The paper introduces a novel Spatio-Temporal Transformer model for generating dynamic human motion from a combination of audio and text inputs. The model uses a transformer-based architecture to learn the complex relationships between the audio, text, and corresponding motion data.

The key components of the model include:

Audio and Text Encoders: These sub-models encode the input audio and text into compact representations that can be efficiently processed by the transformer.
Spatio-Temporal Transformer: This is the core of the system, which learns to map the encoded audio and text features to the desired human motion. It does this by attending to relevant parts of the input and generating the output motion frames sequentially.
Motion Decoder: This sub-model takes the transformer's output and generates the final full-body animation, ensuring that the motion is smooth and consistent.

The model is trained end-to-end on a large dataset of motion capture data aligned with audio and text. This allows it to learn the complex connections between these different modalities, enabling it to generate realistic animations that match the provided inputs.

The researchers evaluate the model on several benchmarks, demonstrating its ability to outperform previous state-of-the-art methods in terms of motion quality and synchronization with the audio and text. They also show that the model can generalize to new scenarios and handle a wide range of motion types.

Critical Analysis

The paper presents a compelling approach to the challenging problem of dynamic human motion synthesis from multi-modal inputs. The use of a Spatio-Temporal Transformer model is a novel and effective way to model the complex relationships between audio, text, and motion.

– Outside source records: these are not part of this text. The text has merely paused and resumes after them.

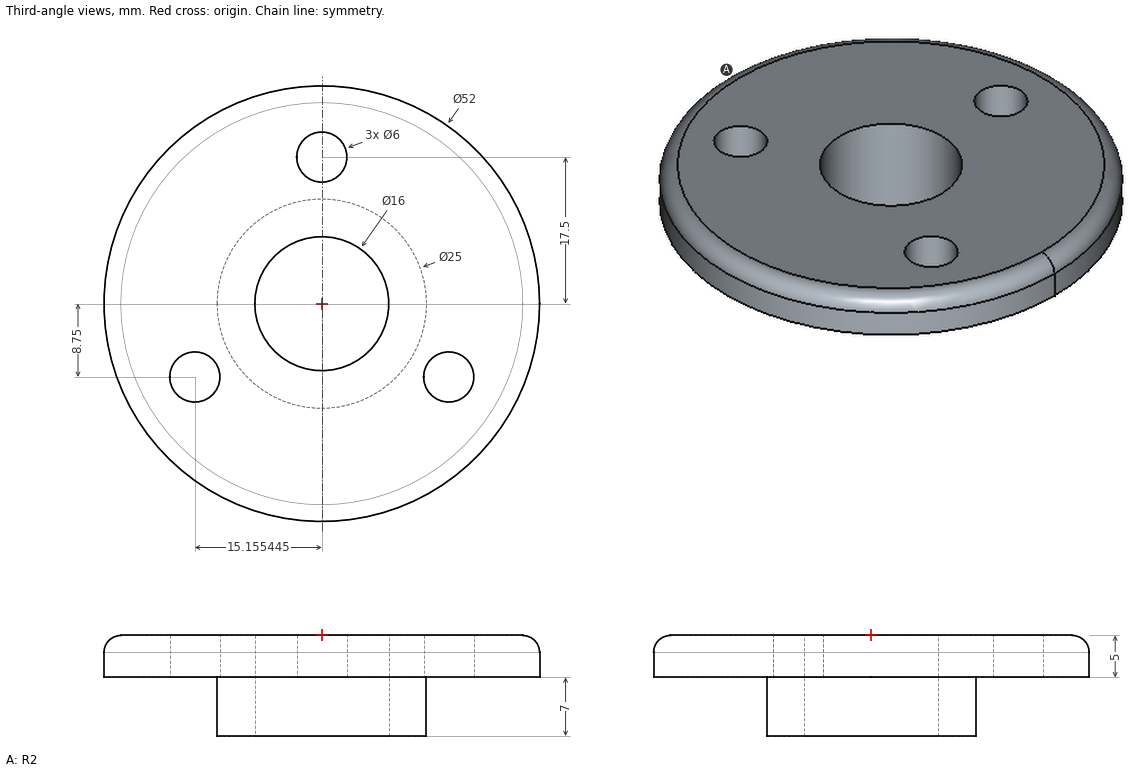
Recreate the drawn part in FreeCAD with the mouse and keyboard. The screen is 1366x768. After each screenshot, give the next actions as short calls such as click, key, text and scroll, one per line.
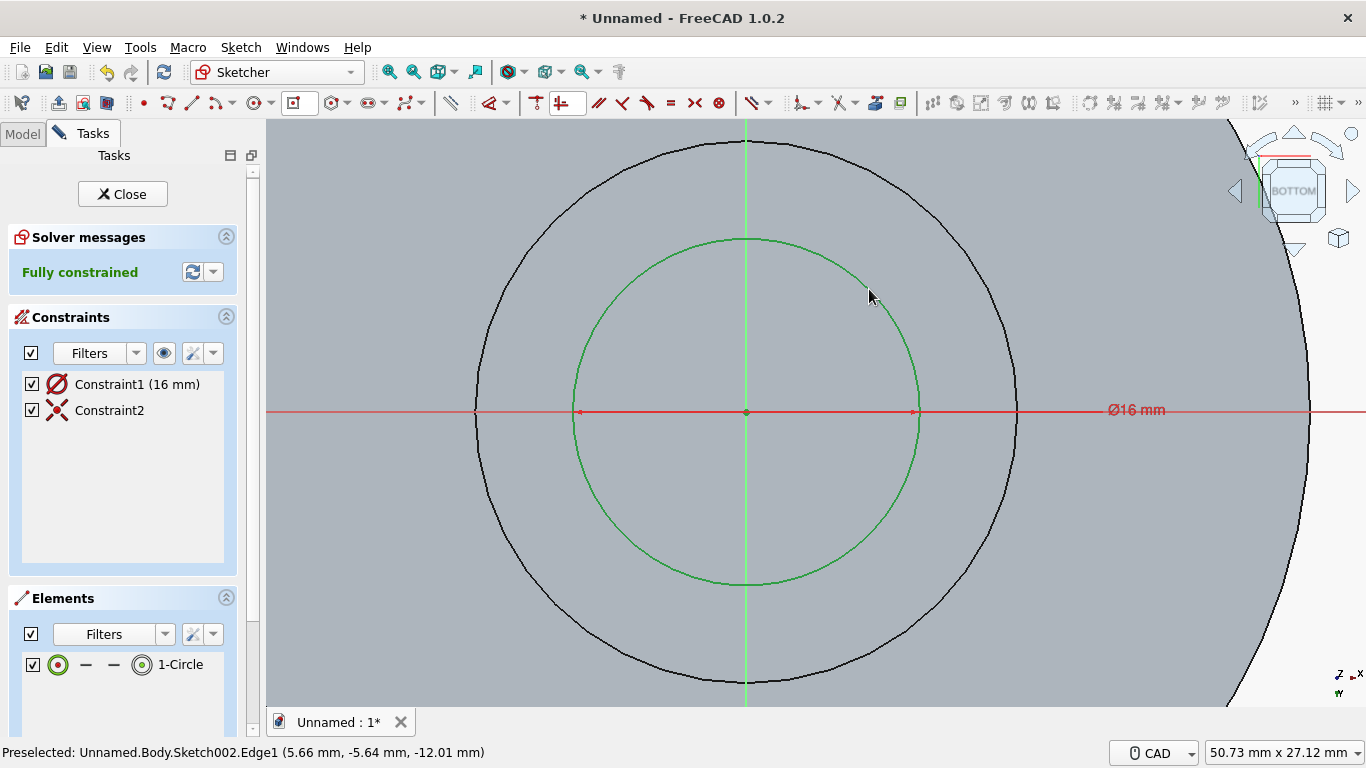
click(123, 194)
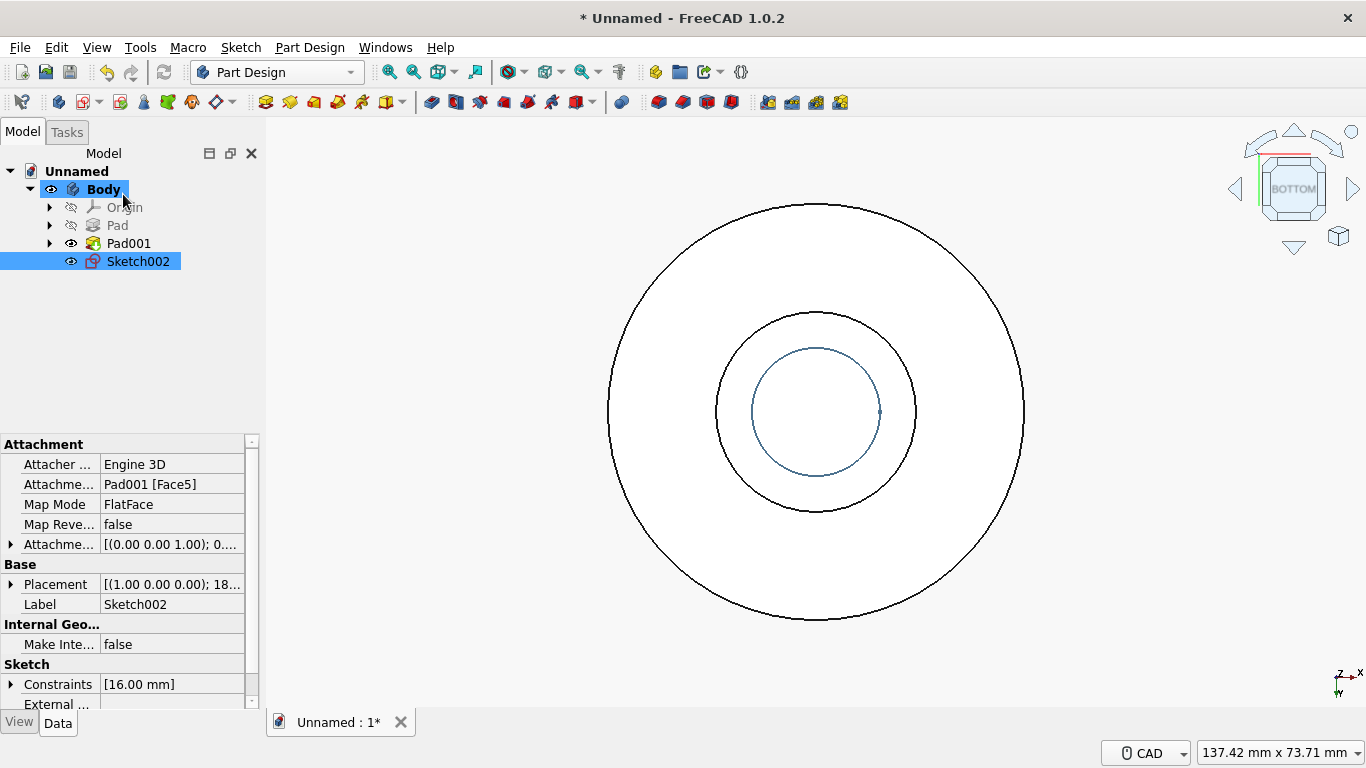
click(432, 102)
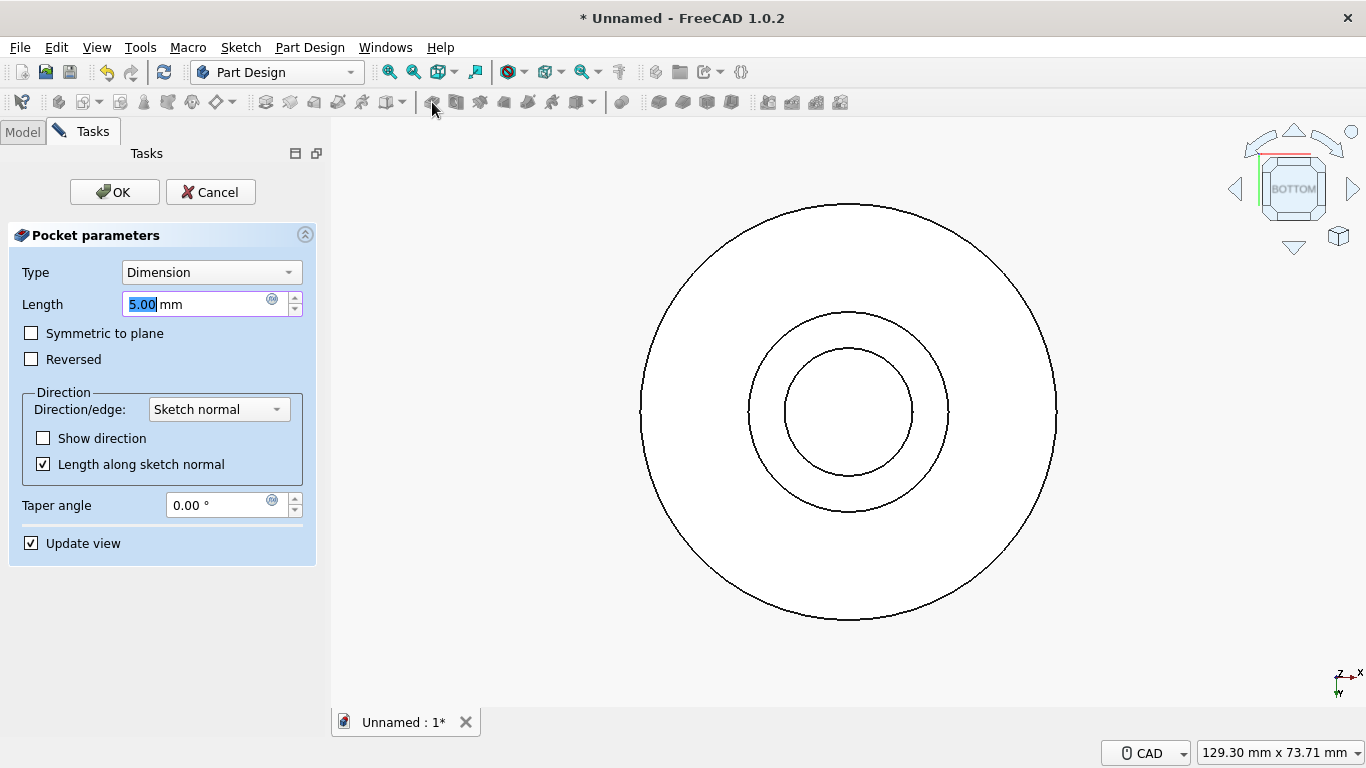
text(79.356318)
key(Tab)

One potential limitation of the approach is the reliance on a large, high-quality dataset of motion capture data aligned with audio and text. Acquiring and preprocessing such a dataset can be a significant challenge, and the model's performance may be heavily dependent on the quality and diversity of the training data.

Additionally, the paper does not delve deeply into the interpretability of the model's internal representations and decision-making processes. Understanding how the model learns to map audio and text to motion could lead to further insights and improvements.

Future research could explore ways to make the model more sample-efficient, allowing it to be trained on smaller datasets or even generate motion from unseen audio and text inputs. Incorporating additional modalities, such as visual cues, could also enhance the model's capabilities and realism.

Conclusion

The paper presents a novel Spatio-Temporal Transformer model that can generate realistic human motion from a combination of audio and text inputs. By learning the complex relationships between these modalities, the model is able to create dynamic animations that are well-synchronized with the provided cues.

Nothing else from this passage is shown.